(Records drawn from a dataset)
======

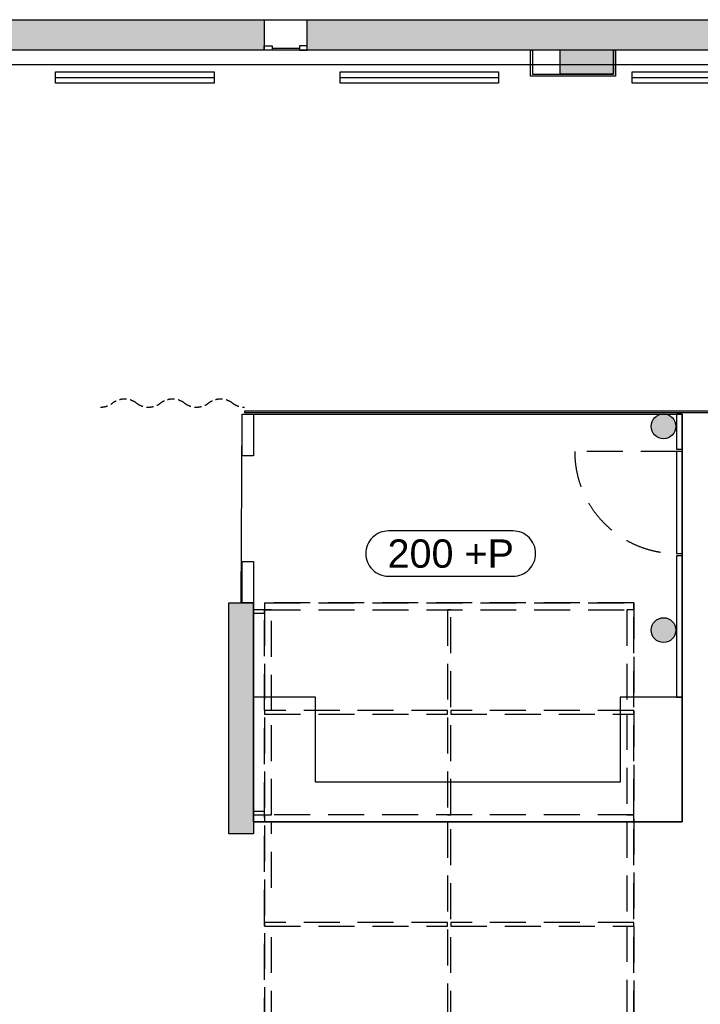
# Model space of a CAD drawing. Header units: millimetres. Extents: x -114 to 74467, y -1893 to 23658.
# Tile 15 of 52: x 17957 to 23968, y 14939 to 23634. Entities that reach past the tile are written whole.
import ezdxf
from ezdxf.enums import TextEntityAlignment as Align

# ---------------------------------------------------------------- set-up
doc = ezdxf.new("R2010")
doc.units = ezdxf.units.MM
doc.header["$LTSCALE"] = 100
doc.linetypes.add('HIDDEN2', pattern=[4.7625, 3.175, -1.5875])
for name, color, linetype in [('AA21----_BUITENWAND', 252, 'Continuous'), ('AA22----_BINNENWAND', 254, 'Continuous'), ('AA28----_KONSTRUKTIE', 8, 'Continuous'), ('AL21----_BUITENWAND', 3, 'Continuous'), ('AL22----_BINNENWAND', 2, 'Continuous'), ('AL28----_KONSTRUKTIE', 4, 'Continuous'), ('AL31----_BUITENKOZIJNEN', 1, 'Continuous'), ('AL32----_BINNENKOZIJNEN', 1, 'Continuous'), ('AL43----_VLOERAFWERKING', 1, 'Continuous'), ('AL45----_PLAFONDAFWERKING', 9, 'HIDDEN2'), ('AL51----_RADIATOREN', 8, 'Continuous'), ('AL72----_BALIE', 240, 'Continuous'), ('AM23----_VLOERPEIL', 242, 'Continuous')]:
    doc.layers.add(name, color=color, linetype=linetype)
doc.layers.add('B--L82--_INVENTARIS', color=7, linetype='Continuous', true_color=0xffa421)
doc.styles.get("Standard").update_dxf_attribs({"font": 'arial.ttf'})

# ---------------------------------------------------------------- blocks, each defined once
blk = doc.blocks.new('$23_peil')
at = {"layer": 'AM23----_VLOERPEIL'}
blk.add_lwpolyline([(-550, -200), (550, -200, 0.414214), (750, 0), (750, 0, 0.414214), (550, 200), (-550, 200, 0.414214), (-750, 0), (-750, 0, 0.414214)], format="xyb", close=True, dxfattribs=at)
at = {"layer": 'AM23----_VLOERPEIL', "flags": 12}
blk.add_attdef('$23_PEILMAAT', text='', height=250, dxfattribs=at).set_placement((0, 0), align=Align.MIDDLE_CENTER)
blk = doc.blocks.new('Koningspunt dak')
at = {"layer": 'AL45----_PLAFONDAFWERKING'}
for p, q in [((0, 3744), (-100, 3744)), ((-100, 3744), (-100, 3714)), ((0, 3804), (3260, 3804)), ((0, 0), (0, 3804)), ((3260, 3804), (0, 3804)), ((0, 3804), (0, 3744)), ((0, 3744), (3260, 3744)), ((60, 3744), (0, 3744)), ((0, 3744), (0, 60)), ((0, 3714), (0, 3744)), ((60, 2853), (60, 3744)), ((1645, 3744), (1615, 3744)), ((1615, 3744), (1615, 1932)), ((1645, 1932), (1645, 3744)), ((3260, 3744), (3200, 3744)), ((3200, 3744), (3200, 2853)), ((3260, 3804), (3260, 0)), ((3260, 3744), (3260, 3804)), ((3260, 1932), (3260, 3744)), ((-100, 3714), (0, 3714)), ((1615, 2853), (0, 2853)), ((0, 2853), (0, 2823)), ((0, 2823), (1615, 2823)), ((60, 1932), (60, 2823)), ((1615, 2823), (1615, 2853)), ((3260, 2853), (1645, 2853)), ((1645, 2853), (1645, 2823)), ((1645, 2823), (3260, 2823)), ((3200, 2823), (3200, 1932)), ((3260, 2823), (3260, 2853)), ((0, 1962), (-100, 1962)), ((-100, 1962), (-100, 1932)), ((-100, 1932), (0, 1932)), ((0, 1932), (0, 1962)), ((3260, 1932), (0, 1932)), ((0, 1932), (0, 1872)), ((0, 1932), (60, 1932)), ((1615, 1932), (1645, 1932)), ((3200, 1932), (3260, 1932)), ((3260, 1872), (3260, 1932)), ((0, 1872), (3260, 1872)), ((60, 1872), (0, 1872)), ((60, 1288), (60, 1872)), ((1645, 1872), (1615, 1872)), ((1615, 1872), (1615, 60)), ((1645, 60), (1645, 1872)), ((3260, 1872), (3200, 1872)), ((3200, 1872), (3200, 981)), ((3260, 60), (3260, 1872)), ((1615, 981), (0, 981)), ((0, 981), (0, 951)), ((1615, 951), (1615, 981)), ((3260, 981), (1645, 981)), ((1645, 981), (1645, 951)), ((3260, 951), (3260, 981)), ((0, 951), (1615, 951)), ((60, 60), (60, 951)), ((1645, 951), (3260, 951)), ((3200, 951), (3200, 60)), ((0, 90), (-100, 90)), ((-100, 90), (-100, 60)), ((0, 60), (0, 90)), ((-100, 60), (0, 60)), ((3260, 60), (0, 60)), ((0, 60), (0, 0)), ((0, 60), (60, 60)), ((3260, 0), (0, 0)), ((0, 0), (3260, 0)), ((1615, 60), (1645, 60)), ((3200, 60), (3260, 60)), ((3260, 0), (3260, 60))]:
    blk.add_line(p, q, dxfattribs=at)

msp = doc.modelspace()

# ---------------------------------------------------------------- hatches: boundary and pattern name
at = {"layer": 'AA21----_BUITENWAND'}
h = msp.add_hatch(color=256, dxfattribs=at)
h.paths.add_polyline_path([(57837.4, 23383.3), (55587.4, 23383.3), (55587.4, 23153.3), (55107.4, 23153.3), (55107.4, 23364), (53547.4, 23364), (53547.4, 23634), (57837.4, 23634)])
h.paths.add_polyline_path([(63257.4, 23213.3), (60997.4, 23213.3), (60997.4, 23153.3), (60517.4, 23153.3), (60517.4, 23383.3), (58217.4, 23383.3), (58217.4, 23634), (63257.4, 23634)])
h.paths.add_polyline_path([(68847.4, 23213.5), (66397.4, 23213.6), (66397.4, 23153.3), (65937.4, 23153.3), (65937.4, 23213.3), (63637.4, 23213.3), (63637.4, 23634), (68847.4, 23634)])
h.paths.add_polyline_path([(69227.4, 23634), (73757.4, 23634), (73757.4, 23264), (72157, 23264), (72157.3, 18426.2), (71657.1, 18272.2), (71657.1, 23213.3), (69227.4, 23213.4)])
h.paths.add_polyline_path([(71787.4, 15374), (71787.4, 14394), (72687.4, 14394), (72687.4, 14764), (72157.4, 14764), (72157.4, 15374)])
h.paths.add_polyline_path([(47447.4, 23634), (51747.4, 23634), (51747.4, 23364), (50187.4, 23364), (50187.4, 23153.9), (49717.4, 23153.9), (49717.4, 23364), (47445.5, 23364)])
h.paths.add_polyline_path([(30897.4, 23363.9), (28627.4, 23363.9), (28627.4, 23153.9), (28157.4, 23153.9), (28157.4, 23363.9), (25885.5, 23363.9), (25887.4, 23633.9), (30897.4, 23633.9)])
h.paths.add_polyline_path([(36287.4, 23363.9), (34017.4, 23363.9), (34017.4, 23164), (33547.4, 23164), (33547.4, 23363.9), (31276.4, 23363.9), (31277.4, 23633.9), (36287.4, 23633.9)])
h.paths.add_polyline_path([(41677.4, 23364), (39407.4, 23363.9), (39407.4, 23153.9), (38937.4, 23153.9), (38937.4, 23363.9), (36665.5, 23363.9), (36667.4, 23633.9), (41677.4, 23633.9)])
h.paths.add_polyline_path([(47067.4, 23364), (44797.4, 23364), (44797.4, 23153.9), (44327.4, 23153.9), (44327.4, 23364), (42056.4, 23364), (42057.3, 23633.9), (47067.4, 23634)])
h.paths.add_polyline_path([(25507.4, 23363.9), (23201.5, 23363.9), (23201.5, 23153.9), (22731.5, 23153.9), (22731.5, 23363.9), (20495.5, 23363.9), (20497.4, 23633.9), (25507.4, 23633.9)])
h.paths.add_polyline_path([(11380.6, 23633.9), (20117.4, 23633.9), (20117.4, 23363.9), (17811.5, 23363.9), (17811.5, 23153.9), (17341.5, 23153.9), (17341.5, 23363.9), (12421.5, 23363.9), (12421.5, 23153.9), (11951.5, 23153.9), (11951.5, 23363.9), (11380.6, 23363.9)])
at = {"layer": 'AA22----_BINNENWAND'}
msp.add_hatch(color=256, dxfattribs=at).paths.add_polyline_path([(19805.8, 18483.3), (20020.8, 18483.3), (20020.8, 16443.3), (19805.8, 16443.3)])
at = {"layer": 'AA28----_KONSTRUKTIE'}
h = msp.add_hatch(color=256, dxfattribs=at)
h.dxf.hatch_style = 1
h.paths.add_polyline_path([(23752.8, 20043.3, 1), (23533.8, 20043.3, 1)])
h = msp.add_hatch(color=256, dxfattribs=at)
h.dxf.hatch_style = 1
h.paths.add_polyline_path([(23752.8, 18243.3, 1), (23533.8, 18243.3, 1)])

# ---------------------------------------------------------------- linework, layer by layer
at = {"layer": 'AL21----_BUITENWAND'}
for points in [[(11380.6, 23633.9), (20117.4, 23633.9), (20117.4, 23363.9), (17811.5, 23363.9), (17811.5, 23153.9), (17341.5, 23153.9), (17341.5, 23363.9), (12421.5, 23363.9), (12421.5, 23153.9), (11951.5, 23153.9), (11951.5, 23363.9), (11380.6, 23363.9)], [(25507.4, 23363.9), (23201.5, 23363.9), (23201.5, 23153.9), (22731.5, 23153.9), (22731.5, 23363.9), (20495.5, 23363.9), (20497.4, 23633.9), (25507.4, 23633.9)]]:
    msp.add_lwpolyline(points, close=True, dxfattribs=at)
at = {"layer": 'AL22----_BINNENWAND'}
for points in [[(26629.3, 23239.3), (27894.4, 23239.3), (27894.4, 23363.9), (12839.4, 23363.9), (12839.4, 23239.3)], [(22468.5, 23363.9), (22486.5, 23363.9), (22486.5, 23153.9), (23201.5, 23153.9), (23201.5, 23363.9), (23219.5, 23363.9), (23219.5, 23135.9), (22468.5, 23135.9)], [(19920.8, 20150.3), (20020.8, 20150.3), (20020.8, 19783.3), (19920.8, 19783.3)], [(19920.8, 18850.3), (20020.8, 18850.3), (20020.8, 18483.3), (19920.8, 18483.3)], [(19805.8, 18483.3), (20020.8, 18483.3), (20020.8, 16443.3), (19805.8, 16443.3)]]:
    msp.add_lwpolyline(points, close=True, dxfattribs=at)
at = {"layer": 'AL28----_KONSTRUKTIE'}
for centre in [(23643.3, 20043.3), (23643.3, 18243.3)]:
    msp.add_circle(centre, 109.5, dxfattribs=at)
at = {"layer": 'AL31----_BUITENKOZIJNEN'}
msp.add_line((20117.4, 23633.9), (20497.4, 23633.9), dxfattribs=at)
for points in [[(20117.4, 23403.9), (20187.4, 23403.9), (20187.4, 23363.9), (20117.4, 23363.9)], [(20427.4, 23403.9), (20427.4, 23363.9), (20495.5, 23363.9), (20495.5, 23403.9)]]:
    msp.add_lwpolyline(points, close=True, dxfattribs=at)
msp.add_lwpolyline([(20187.4, 23383.9), (20427.4, 23383.9)], dxfattribs=at)
at = {"layer": 'AL32----_BINNENKOZIJNEN', "linetype": 'HIDDEN2'}
msp.add_line((23759.3, 19820.3), (22859.3, 19820.3), dxfattribs=at)
at = {"layer": 'AL32----_BINNENKOZIJNEN', "linetype": 'HIDDEN2', "ltscale": 0.2}
msp.add_lwpolyline([(18670.5, 20212.6, 0.162278), (18776.6, 20248, -0.333333), (18988.7, 20248, 0.333333), (19200.9, 20248, -0.333333), (19413, 20248, 0.333333), (19625.1, 20248, -0.333333), (19837.3, 20248, 0.162278), (19943.3, 20212.6, 0.162278)], format="xyb", dxfattribs=at)
at = {"layer": 'AL32----_BINNENKOZIJNEN'}
for points in [[(24854.4, 20176.3), (19943.3, 20176.3), (19943.3, 20165.3), (24854.4, 20165.3)], [(23809.3, 19820.3), (23759.3, 19820.3), (23759.3, 18920.3), (23809.3, 18920.3)]]:
    msp.add_lwpolyline(points, close=True, dxfattribs=at)
at = {"layer": 'AL32----_BINNENKOZIJNEN', "linetype": 'HIDDEN2'}
msp.add_arc((23759.3, 19820.3), 900, 180, 270, dxfattribs=at)
at = {"layer": 'AL43----_VLOERAFWERKING'}
msp.add_lwpolyline([(23809.3, 16550.3), (20020.8, 16550.3), (20020.8, 18483.3), (19913.3, 18483.3), (19920.8, 20150.3), (23809.3, 20150.3)], close=True, dxfattribs=at)
at = {"layer": 'AL51----_RADIATOREN'}
for points in [[(18273.4, 23072.3), (18273.4, 23172.3), (19673.4, 23172.3), (19673.4, 23072.3)], [(20786.3, 23072.3), (20786.3, 23172.3), (22186.3, 23172.3), (22186.3, 23072.3)], [(23367.7, 23072.3), (23367.7, 23172.3), (24767.7, 23172.3), (24767.7, 23072.3)]]:
    msp.add_lwpolyline(points, close=True, dxfattribs=at)
for points in [[(18273.4, 23122.3), (19673.4, 23122.3)], [(20786.3, 23122.3), (22186.3, 23122.3)], [(23367.7, 23122.3), (24767.7, 23122.3)]]:
    msp.add_lwpolyline(points, dxfattribs=at)
at = {"layer": 'AL72----_BALIE'}
for points in [[(23809.3, 20150.3), (23759.3, 20150.3), (23759.3, 19840.3), (23809.3, 19840.3)], [(23759.3, 17650.3), (23809.3, 17650.3), (23809.3, 18900.3), (23759.3, 18900.3)], [(23259.3, 16900.3), (20570.8, 16900.3), (20570.8, 17650.3), (20020.8, 17650.3), (20020.8, 16550.3), (23809.3, 16550.3), (23809.3, 17650.3), (23259.3, 17650.3)]]:
    msp.add_lwpolyline(points, close=True, dxfattribs=at)

# ---------------------------------------------------------------- block references
at = {"layer": 'AM23----_VLOERPEIL'}
ref = msp.add_blockref('$23_peil', (21764.2, 18919.4), dxfattribs=at)
ref.add_attrib('$23_PEILMAAT', '200 +P', dxfattribs={"height": 250}).set_placement((21764.2, 18919.4), align=Align.MIDDLE_CENTER)
at = {"layer": 'B--L82--_INVENTARIS'}
msp.add_blockref('Koningspunt dak', (20120.8, 14679.3), dxfattribs=at)

doc.saveas('drawing.dxf')

======

- Action item -
What is needed is an exact copy of the line containing "msp.add_arc((23759.3, 19820.3), 900, 180, 270, dxfattribs=at)" and each line after it, through the final line of the entries above.

- Result of this task -
msp.add_arc((23759.3, 19820.3), 900, 180, 270, dxfattribs=at)
at = {"layer": 'AL43----_VLOERAFWERKING'}
msp.add_lwpolyline([(23809.3, 16550.3), (20020.8, 16550.3), (20020.8, 18483.3), (19913.3, 18483.3), (19920.8, 20150.3), (23809.3, 20150.3)], close=True, dxfattribs=at)
at = {"layer": 'AL51----_RADIATOREN'}
for points in [[(18273.4, 23072.3), (18273.4, 23172.3), (19673.4, 23172.3), (19673.4, 23072.3)], [(20786.3, 23072.3), (20786.3, 23172.3), (22186.3, 23172.3), (22186.3, 23072.3)], [(23367.7, 23072.3), (23367.7, 23172.3), (24767.7, 23172.3), (24767.7, 23072.3)]]:
    msp.add_lwpolyline(points, close=True, dxfattribs=at)
for points in [[(18273.4, 23122.3), (19673.4, 23122.3)], [(20786.3, 23122.3), (22186.3, 23122.3)], [(23367.7, 23122.3), (24767.7, 23122.3)]]:
    msp.add_lwpolyline(points, dxfattribs=at)
at = {"layer": 'AL72----_BALIE'}
for points in [[(23809.3, 20150.3), (23759.3, 20150.3), (23759.3, 19840.3), (23809.3, 19840.3)], [(23759.3, 17650.3), (23809.3, 17650.3), (23809.3, 18900.3), (23759.3, 18900.3)], [(23259.3, 16900.3), (20570.8, 16900.3), (20570.8, 17650.3), (20020.8, 17650.3), (20020.8, 16550.3), (23809.3, 16550.3), (23809.3, 17650.3), (23259.3, 17650.3)]]:
    msp.add_lwpolyline(points, close=True, dxfattribs=at)

# ---------------------------------------------------------------- block references
at = {"layer": 'AM23----_VLOERPEIL'}
ref = msp.add_blockref('$23_peil', (21764.2, 18919.4), dxfattribs=at)
ref.add_attrib('$23_PEILMAAT', '200 +P', dxfattribs={"height": 250}).set_placement((21764.2, 18919.4), align=Align.MIDDLE_CENTER)
at = {"layer": 'B--L82--_INVENTARIS'}
msp.add_blockref('Koningspunt dak', (20120.8, 14679.3), dxfattribs=at)

doc.saveas('drawing.dxf')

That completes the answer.